Ficaram às risadas por causa da analogia. Em seguida apreciaram a massa.

― Valdo, quero te contar o que aconteceu comigo. O vinho está me liberando. ― E rindo ― diz Bechior que viver é melhor que sonhar, mas tive dúvida há três dias, foi como se fosse um pesadelo, mas foi real, assim, do nada, sem motivo, senti dificuldade na respiração, batia acelerado meu coração, o corpo suando, uma tontura, enjoo. Sentei na cama com receio de andar. Surgiu um medo inexplicável, parecia que eu ia morrer. Medi pressão arterial e, normal. Meditei, sabe, respirar fundo, segurar ar, depois expirar lentamente pela boca, e segurar antes de nova respirada. A concentração difícil, achei que iria enfartar. Ou talvez fosse o corona. Apenas sei, Valdo, que nada sei do que me aconteceu. Nas investidas para eu me controlar, consegui limpar meus pensamentos e atentei a cada inspiração, a cada expiração, até que o pulmão se expandiu. Que alívio!

― Há perigo na esquina, à espreita. Nestes tempos de pandemia a gente anda estressada e ansiosa e reage em forma de pânico. Puxa vida, você agiu com sabedoria ao controlar respiração e os medos que vêm junto. Foi a algum doutor psi? É bom escutar ponto de vista de especialista.

― O tal medo de morrer é fogo.

― Medo que passou logo, como você se certificou ao usar seu potencial para resolução do problema. Foi situação singular, aguda. Todos sabemos, o medo faz parte de nós, o carregamos todos dias. Mas quando crises nos inquietam, temos acesso meio que sem pensar, inconsciente, ao que achamos que nos ameaça, ou ameaçou, ou ameaçará e isso vai nos tomando corpo inteiro. É o corpo falando. Estresse é a escrita.  Qualquer cantar é menor que a vida da gente, mas não custa relaxar e voar um tico, que tal escutar MPB? Vamos pra varanda?

Caminharam leves. Sentaram-se. À frente, a leveza esverdeada.
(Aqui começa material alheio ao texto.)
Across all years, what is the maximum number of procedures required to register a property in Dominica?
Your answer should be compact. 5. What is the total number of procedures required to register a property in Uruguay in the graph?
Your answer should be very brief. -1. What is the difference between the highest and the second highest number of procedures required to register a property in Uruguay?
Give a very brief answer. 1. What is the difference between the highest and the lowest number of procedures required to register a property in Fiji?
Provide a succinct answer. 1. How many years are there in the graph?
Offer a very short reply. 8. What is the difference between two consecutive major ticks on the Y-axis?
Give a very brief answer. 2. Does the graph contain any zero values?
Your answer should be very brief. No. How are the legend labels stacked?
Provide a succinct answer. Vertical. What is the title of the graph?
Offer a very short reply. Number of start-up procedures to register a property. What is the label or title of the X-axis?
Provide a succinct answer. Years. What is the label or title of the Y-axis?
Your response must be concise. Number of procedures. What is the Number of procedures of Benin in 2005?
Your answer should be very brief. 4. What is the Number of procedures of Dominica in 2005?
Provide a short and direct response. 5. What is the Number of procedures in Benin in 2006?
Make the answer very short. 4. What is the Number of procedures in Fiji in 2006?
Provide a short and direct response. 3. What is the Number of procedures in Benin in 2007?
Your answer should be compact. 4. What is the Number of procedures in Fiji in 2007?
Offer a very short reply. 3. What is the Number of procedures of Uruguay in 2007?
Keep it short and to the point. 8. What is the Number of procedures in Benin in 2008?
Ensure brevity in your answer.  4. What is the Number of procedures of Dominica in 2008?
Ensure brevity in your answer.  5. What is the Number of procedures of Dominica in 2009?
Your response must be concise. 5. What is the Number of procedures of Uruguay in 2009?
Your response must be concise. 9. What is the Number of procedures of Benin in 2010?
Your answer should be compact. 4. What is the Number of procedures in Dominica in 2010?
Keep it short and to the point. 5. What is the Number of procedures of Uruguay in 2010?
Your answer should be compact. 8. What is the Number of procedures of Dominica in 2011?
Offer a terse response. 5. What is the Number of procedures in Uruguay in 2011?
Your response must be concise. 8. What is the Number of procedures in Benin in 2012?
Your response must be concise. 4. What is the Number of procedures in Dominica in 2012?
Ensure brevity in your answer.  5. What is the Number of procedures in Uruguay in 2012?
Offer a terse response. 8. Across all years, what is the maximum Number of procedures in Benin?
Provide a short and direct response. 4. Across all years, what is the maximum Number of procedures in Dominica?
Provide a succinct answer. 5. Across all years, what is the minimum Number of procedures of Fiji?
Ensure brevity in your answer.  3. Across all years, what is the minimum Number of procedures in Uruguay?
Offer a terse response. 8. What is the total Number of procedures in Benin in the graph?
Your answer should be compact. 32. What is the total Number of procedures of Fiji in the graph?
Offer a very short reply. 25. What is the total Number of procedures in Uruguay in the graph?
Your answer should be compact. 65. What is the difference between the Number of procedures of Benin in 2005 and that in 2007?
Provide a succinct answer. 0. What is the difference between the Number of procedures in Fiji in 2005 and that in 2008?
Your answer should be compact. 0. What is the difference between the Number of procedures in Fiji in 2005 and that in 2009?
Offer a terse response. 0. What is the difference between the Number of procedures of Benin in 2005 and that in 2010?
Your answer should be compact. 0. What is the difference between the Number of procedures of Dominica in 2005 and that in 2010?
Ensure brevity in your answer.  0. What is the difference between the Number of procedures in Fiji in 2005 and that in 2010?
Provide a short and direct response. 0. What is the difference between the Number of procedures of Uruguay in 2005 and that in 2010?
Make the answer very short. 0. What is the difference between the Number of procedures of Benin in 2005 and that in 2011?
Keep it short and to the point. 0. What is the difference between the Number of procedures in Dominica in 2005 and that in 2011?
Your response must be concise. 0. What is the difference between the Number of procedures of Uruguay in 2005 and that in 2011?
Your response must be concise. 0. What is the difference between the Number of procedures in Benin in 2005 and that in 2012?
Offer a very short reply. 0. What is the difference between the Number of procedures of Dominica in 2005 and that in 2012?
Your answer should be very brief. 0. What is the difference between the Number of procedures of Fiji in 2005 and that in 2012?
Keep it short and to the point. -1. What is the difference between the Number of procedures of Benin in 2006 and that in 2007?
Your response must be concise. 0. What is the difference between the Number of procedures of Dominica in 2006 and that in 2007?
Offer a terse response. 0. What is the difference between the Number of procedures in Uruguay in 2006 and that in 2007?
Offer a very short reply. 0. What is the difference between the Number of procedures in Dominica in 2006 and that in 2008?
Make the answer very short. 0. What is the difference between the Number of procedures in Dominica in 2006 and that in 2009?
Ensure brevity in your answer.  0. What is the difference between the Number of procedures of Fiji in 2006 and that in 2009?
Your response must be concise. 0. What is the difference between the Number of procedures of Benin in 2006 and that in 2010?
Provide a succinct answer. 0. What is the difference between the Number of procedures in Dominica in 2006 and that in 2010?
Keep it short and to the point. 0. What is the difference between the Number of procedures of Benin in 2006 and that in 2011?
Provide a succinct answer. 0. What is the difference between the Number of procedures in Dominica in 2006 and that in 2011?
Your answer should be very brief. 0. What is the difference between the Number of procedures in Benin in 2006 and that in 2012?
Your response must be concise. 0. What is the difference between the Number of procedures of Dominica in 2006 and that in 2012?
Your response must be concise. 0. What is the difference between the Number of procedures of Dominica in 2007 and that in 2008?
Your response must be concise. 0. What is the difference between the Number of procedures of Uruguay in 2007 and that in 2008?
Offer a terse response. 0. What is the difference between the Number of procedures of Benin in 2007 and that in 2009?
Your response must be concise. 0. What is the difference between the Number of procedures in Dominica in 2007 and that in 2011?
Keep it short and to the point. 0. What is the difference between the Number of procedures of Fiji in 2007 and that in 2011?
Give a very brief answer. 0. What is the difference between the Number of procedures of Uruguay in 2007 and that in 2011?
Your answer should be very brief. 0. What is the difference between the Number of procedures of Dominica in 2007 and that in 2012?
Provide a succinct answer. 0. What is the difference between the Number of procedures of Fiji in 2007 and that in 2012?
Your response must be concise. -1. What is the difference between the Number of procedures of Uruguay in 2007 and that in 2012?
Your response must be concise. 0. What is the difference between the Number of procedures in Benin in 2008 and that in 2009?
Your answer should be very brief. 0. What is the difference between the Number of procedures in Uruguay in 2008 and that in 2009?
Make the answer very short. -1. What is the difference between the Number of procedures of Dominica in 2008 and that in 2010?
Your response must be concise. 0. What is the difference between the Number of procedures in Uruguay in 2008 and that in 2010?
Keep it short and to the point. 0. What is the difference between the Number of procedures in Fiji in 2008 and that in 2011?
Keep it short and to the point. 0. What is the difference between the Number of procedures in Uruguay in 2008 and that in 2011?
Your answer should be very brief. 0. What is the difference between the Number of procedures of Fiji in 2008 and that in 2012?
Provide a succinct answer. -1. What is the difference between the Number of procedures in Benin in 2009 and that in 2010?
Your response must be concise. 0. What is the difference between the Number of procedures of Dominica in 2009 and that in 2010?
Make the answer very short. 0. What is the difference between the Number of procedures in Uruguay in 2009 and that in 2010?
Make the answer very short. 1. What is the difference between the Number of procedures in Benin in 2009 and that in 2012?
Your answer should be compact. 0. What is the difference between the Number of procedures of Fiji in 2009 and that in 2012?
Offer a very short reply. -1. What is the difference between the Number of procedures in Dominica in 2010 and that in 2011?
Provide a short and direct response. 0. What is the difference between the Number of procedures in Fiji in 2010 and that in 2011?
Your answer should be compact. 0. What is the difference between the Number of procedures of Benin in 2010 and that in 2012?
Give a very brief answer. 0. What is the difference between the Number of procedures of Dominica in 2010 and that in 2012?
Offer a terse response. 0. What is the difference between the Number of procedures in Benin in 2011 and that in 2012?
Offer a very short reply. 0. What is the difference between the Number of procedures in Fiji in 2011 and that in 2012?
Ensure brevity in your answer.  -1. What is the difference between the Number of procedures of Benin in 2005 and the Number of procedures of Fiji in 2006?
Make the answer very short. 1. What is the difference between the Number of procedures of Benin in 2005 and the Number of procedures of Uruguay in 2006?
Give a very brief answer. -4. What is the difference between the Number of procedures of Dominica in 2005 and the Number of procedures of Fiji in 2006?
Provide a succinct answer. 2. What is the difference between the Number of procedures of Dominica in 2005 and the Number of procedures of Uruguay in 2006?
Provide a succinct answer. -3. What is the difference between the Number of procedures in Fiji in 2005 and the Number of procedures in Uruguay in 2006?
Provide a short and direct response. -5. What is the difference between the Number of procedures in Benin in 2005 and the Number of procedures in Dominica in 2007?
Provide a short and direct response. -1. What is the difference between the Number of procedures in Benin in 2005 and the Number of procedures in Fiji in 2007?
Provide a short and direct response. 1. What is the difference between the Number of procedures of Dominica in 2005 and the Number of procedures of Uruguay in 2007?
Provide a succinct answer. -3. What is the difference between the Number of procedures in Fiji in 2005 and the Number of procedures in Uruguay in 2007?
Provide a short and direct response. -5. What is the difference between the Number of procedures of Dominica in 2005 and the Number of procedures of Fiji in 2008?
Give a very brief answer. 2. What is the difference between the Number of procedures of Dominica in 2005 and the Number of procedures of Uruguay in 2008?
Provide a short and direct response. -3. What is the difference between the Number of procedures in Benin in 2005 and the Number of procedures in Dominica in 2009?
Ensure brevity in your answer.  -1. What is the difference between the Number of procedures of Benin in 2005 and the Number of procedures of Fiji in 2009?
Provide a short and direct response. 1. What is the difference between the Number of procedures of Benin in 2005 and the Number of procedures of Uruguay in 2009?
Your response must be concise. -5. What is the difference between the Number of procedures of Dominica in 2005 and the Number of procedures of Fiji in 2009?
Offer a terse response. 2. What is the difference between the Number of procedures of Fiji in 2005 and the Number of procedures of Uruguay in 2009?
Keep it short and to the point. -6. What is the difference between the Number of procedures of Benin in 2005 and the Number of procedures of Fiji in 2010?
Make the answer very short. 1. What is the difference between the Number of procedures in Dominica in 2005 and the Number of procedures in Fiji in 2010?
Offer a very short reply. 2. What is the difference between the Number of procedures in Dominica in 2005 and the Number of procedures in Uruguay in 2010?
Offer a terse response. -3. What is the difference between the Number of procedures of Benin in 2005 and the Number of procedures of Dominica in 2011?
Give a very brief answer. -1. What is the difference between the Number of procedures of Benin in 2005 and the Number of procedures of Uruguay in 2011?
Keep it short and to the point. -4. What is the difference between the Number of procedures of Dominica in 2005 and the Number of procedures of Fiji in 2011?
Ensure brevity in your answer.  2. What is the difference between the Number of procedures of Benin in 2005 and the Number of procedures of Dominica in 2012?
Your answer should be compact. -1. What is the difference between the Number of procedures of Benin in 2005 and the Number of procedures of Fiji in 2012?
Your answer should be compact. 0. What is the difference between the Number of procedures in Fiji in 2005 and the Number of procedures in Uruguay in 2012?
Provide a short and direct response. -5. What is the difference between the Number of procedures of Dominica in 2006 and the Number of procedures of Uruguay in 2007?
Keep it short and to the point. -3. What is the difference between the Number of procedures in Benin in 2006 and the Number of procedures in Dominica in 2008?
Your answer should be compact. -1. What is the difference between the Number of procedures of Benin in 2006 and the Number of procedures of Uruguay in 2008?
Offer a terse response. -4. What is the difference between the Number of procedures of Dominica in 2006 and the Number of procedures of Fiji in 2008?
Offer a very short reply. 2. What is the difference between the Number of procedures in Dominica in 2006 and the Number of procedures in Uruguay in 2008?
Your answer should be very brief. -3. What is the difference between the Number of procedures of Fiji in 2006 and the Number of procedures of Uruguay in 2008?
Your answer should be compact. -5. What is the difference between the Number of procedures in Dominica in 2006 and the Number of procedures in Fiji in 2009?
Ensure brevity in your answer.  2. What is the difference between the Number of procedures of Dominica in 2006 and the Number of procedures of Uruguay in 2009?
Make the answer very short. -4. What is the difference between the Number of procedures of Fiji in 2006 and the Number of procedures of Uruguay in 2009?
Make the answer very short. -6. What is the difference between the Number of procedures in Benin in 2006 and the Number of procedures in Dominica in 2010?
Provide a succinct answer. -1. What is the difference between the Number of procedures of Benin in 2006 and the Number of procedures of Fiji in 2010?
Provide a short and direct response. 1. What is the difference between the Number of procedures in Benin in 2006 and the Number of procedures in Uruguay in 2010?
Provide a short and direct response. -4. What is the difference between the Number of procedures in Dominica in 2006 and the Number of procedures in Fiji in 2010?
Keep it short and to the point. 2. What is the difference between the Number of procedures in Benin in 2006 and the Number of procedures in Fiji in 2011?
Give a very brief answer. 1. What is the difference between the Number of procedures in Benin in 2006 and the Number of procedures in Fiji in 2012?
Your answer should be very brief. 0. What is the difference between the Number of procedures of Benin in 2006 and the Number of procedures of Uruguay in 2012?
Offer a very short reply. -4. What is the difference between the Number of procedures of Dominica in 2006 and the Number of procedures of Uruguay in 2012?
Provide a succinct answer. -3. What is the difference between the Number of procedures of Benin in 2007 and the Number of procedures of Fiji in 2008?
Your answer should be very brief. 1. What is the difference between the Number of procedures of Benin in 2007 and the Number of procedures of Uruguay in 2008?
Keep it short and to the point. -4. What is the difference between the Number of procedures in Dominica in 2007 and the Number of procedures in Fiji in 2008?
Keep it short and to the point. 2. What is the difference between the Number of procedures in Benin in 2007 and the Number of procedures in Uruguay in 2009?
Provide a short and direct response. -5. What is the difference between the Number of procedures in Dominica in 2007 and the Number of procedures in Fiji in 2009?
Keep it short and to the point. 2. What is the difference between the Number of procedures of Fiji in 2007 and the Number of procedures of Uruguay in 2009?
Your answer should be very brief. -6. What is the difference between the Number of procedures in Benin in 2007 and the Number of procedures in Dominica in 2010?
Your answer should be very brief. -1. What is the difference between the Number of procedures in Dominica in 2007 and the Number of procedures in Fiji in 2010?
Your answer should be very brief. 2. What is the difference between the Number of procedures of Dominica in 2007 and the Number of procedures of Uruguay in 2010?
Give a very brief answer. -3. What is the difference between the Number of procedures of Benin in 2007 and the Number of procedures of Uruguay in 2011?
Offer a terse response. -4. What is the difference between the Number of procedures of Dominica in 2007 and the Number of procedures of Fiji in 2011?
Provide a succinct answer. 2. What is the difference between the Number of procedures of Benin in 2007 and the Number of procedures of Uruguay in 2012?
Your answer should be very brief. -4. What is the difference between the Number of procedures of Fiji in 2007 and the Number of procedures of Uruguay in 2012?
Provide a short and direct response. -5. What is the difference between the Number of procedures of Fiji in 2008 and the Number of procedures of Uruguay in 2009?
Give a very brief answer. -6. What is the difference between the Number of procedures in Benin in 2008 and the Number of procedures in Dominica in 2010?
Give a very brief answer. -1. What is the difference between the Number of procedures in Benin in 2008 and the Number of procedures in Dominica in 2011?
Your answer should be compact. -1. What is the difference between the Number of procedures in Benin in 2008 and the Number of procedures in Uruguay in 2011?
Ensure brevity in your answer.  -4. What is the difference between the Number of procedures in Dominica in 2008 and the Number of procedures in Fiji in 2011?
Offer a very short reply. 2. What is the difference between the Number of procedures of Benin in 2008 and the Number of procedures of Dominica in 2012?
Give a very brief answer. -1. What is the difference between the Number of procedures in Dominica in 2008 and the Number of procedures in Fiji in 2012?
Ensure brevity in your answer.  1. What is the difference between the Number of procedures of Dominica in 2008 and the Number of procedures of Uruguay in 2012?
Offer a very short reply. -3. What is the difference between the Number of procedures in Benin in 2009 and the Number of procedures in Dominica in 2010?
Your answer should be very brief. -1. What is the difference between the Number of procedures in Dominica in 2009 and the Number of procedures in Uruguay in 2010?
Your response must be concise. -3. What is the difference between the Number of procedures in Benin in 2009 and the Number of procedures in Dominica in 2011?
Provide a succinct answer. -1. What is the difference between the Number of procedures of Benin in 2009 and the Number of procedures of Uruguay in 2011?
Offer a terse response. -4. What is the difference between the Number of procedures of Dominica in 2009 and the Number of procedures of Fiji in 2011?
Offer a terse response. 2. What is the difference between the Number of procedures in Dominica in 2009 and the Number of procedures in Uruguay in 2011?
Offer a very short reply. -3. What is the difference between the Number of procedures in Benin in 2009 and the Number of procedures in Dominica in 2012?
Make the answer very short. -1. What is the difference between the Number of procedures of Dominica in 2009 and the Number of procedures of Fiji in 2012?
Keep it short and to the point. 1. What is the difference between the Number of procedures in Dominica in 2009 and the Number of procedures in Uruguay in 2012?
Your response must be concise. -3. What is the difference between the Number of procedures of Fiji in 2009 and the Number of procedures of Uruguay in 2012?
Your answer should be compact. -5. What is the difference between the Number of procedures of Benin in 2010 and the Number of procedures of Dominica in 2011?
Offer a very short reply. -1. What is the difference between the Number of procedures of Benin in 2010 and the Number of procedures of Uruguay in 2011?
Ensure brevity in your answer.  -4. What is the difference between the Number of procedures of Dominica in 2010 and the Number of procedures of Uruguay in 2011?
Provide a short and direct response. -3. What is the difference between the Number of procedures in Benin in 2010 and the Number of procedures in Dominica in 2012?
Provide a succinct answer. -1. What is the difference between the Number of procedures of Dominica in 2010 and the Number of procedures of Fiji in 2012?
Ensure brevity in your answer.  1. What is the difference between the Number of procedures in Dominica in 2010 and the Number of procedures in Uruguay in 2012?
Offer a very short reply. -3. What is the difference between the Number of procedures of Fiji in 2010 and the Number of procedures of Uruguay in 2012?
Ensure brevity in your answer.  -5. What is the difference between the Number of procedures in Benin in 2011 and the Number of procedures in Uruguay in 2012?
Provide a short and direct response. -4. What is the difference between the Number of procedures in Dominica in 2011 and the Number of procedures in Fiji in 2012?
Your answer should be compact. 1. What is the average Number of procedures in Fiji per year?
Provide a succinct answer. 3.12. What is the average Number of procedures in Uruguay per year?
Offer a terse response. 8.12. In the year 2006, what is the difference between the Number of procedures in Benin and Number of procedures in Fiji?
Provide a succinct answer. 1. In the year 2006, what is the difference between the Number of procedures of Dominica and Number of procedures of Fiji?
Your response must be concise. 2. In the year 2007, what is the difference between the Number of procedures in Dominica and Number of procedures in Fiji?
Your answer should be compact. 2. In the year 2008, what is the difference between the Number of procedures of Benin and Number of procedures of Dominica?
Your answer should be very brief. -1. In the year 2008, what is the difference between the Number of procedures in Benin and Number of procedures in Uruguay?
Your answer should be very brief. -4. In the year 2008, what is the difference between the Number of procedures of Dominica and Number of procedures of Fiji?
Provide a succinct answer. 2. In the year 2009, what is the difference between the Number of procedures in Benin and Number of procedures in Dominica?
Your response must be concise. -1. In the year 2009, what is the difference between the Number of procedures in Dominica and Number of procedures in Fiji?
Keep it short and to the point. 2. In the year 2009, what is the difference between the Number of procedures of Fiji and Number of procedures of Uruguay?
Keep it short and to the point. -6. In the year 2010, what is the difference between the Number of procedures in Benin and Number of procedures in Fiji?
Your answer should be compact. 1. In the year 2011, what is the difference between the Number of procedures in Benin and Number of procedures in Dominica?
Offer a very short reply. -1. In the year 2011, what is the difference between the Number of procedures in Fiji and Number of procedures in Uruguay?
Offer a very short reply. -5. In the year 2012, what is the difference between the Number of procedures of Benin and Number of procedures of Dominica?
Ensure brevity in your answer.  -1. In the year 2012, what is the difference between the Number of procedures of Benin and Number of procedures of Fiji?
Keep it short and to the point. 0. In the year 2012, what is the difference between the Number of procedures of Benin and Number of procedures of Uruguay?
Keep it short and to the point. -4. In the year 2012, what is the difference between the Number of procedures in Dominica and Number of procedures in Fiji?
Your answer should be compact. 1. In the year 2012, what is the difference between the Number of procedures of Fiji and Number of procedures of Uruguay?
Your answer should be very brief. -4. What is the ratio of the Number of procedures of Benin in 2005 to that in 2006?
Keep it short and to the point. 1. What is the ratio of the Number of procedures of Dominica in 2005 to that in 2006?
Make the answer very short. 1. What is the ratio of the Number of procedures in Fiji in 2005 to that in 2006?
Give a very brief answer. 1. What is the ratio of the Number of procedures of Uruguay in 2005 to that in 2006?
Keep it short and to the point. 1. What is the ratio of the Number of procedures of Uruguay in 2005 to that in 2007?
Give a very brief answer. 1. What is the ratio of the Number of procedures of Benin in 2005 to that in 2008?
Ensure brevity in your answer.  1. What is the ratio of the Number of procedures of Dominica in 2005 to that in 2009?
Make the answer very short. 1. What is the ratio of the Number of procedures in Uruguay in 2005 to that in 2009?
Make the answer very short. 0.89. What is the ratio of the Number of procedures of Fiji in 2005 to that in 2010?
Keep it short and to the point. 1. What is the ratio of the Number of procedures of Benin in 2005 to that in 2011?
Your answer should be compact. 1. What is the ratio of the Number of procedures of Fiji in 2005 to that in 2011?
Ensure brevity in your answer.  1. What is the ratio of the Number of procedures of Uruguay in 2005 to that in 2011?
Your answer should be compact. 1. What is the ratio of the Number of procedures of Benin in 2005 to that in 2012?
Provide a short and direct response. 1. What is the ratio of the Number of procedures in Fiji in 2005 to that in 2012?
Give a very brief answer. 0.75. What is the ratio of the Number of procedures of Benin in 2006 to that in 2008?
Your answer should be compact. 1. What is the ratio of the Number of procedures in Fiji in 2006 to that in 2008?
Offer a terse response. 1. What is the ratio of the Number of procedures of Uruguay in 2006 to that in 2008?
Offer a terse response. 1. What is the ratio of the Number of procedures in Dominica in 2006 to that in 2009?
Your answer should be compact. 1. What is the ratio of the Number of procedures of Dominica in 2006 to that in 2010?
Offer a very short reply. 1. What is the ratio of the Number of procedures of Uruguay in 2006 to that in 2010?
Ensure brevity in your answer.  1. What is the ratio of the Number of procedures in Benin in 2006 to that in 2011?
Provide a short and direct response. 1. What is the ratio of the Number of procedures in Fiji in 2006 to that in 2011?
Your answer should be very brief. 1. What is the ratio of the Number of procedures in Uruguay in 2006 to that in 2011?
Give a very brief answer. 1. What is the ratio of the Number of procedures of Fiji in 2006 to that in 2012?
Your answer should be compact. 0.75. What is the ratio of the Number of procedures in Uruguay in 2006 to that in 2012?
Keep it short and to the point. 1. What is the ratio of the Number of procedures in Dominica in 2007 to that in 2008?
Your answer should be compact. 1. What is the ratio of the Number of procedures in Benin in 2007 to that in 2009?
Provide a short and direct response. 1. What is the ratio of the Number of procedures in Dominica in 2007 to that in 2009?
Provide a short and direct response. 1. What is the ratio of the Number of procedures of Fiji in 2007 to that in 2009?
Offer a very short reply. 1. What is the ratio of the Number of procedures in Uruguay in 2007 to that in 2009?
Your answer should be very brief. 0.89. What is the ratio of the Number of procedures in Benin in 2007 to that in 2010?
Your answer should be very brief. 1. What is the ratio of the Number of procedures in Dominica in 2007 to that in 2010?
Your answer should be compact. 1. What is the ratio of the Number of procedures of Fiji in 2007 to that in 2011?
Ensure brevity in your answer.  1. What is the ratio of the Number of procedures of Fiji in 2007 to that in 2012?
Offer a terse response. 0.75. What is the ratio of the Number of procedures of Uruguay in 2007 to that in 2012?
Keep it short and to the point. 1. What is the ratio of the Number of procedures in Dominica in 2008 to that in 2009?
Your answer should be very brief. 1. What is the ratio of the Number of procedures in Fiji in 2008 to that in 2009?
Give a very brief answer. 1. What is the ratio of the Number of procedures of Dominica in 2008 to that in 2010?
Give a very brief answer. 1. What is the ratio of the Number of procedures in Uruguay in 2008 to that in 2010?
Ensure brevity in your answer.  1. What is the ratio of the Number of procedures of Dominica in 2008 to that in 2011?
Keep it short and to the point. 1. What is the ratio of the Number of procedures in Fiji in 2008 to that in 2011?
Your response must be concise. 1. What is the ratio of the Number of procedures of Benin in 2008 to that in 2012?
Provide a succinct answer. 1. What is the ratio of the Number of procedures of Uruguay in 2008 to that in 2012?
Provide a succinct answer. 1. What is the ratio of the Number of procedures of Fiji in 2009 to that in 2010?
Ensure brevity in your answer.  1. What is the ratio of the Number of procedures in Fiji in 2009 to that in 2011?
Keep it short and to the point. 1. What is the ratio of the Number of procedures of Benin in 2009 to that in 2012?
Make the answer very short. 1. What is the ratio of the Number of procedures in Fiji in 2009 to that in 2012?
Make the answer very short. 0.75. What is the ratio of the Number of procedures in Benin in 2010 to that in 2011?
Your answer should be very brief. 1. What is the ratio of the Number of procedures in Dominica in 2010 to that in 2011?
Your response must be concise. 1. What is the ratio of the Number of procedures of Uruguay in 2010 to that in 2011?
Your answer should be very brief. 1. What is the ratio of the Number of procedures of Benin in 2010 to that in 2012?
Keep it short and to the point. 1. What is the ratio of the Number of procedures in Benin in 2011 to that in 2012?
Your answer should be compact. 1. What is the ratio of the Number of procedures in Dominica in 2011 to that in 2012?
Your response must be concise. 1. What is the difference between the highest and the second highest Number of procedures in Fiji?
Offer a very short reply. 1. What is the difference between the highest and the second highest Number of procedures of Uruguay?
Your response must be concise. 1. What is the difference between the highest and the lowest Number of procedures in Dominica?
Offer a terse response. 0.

Osvaldo acendeu cigarro. Luiza acenou e disse:

― Essa paisagem torna a respiração vigorosa. A gente ganha asa.

Osvaldo observava aquela criatura alada enquanto o céu abria nesgas entre nuvens lançando claridade na noite.

 

Ao fundo, a canção na voz de Alcione:

“...você me vira a cabeça

 me tira do sério

destrói os planos que um dia eu fiz pra mim

me faz pensar por que a vida é assim...

por que você não vai embora de vez?

por que não me liberta dessa paixão?...

por que não deixa livre o meu coração?

Mas tem que me prender ...”

 

― Valdo, as pessoas me dizem pra falar de amor. Às vezes é difícil em dias de dor. Afinal, 2020 não tem sido fácil. E em seguida, aqui e agora, o vento lança aroma em nós e balançando os galhos, as folhas murmurantes, dizendo, um instante, olha, tem cantoria, outras histórias, e vacilante, insegura, acolho, mudo rumo e aprecio esse momento único.

― Um braço e uma voz. Um amparando o outro num abraço à distância. A vida é assim, exige coragem da gente.

Brindaram. E riram das novas estratégias que eram obrigados adotar com a onda pandêmica.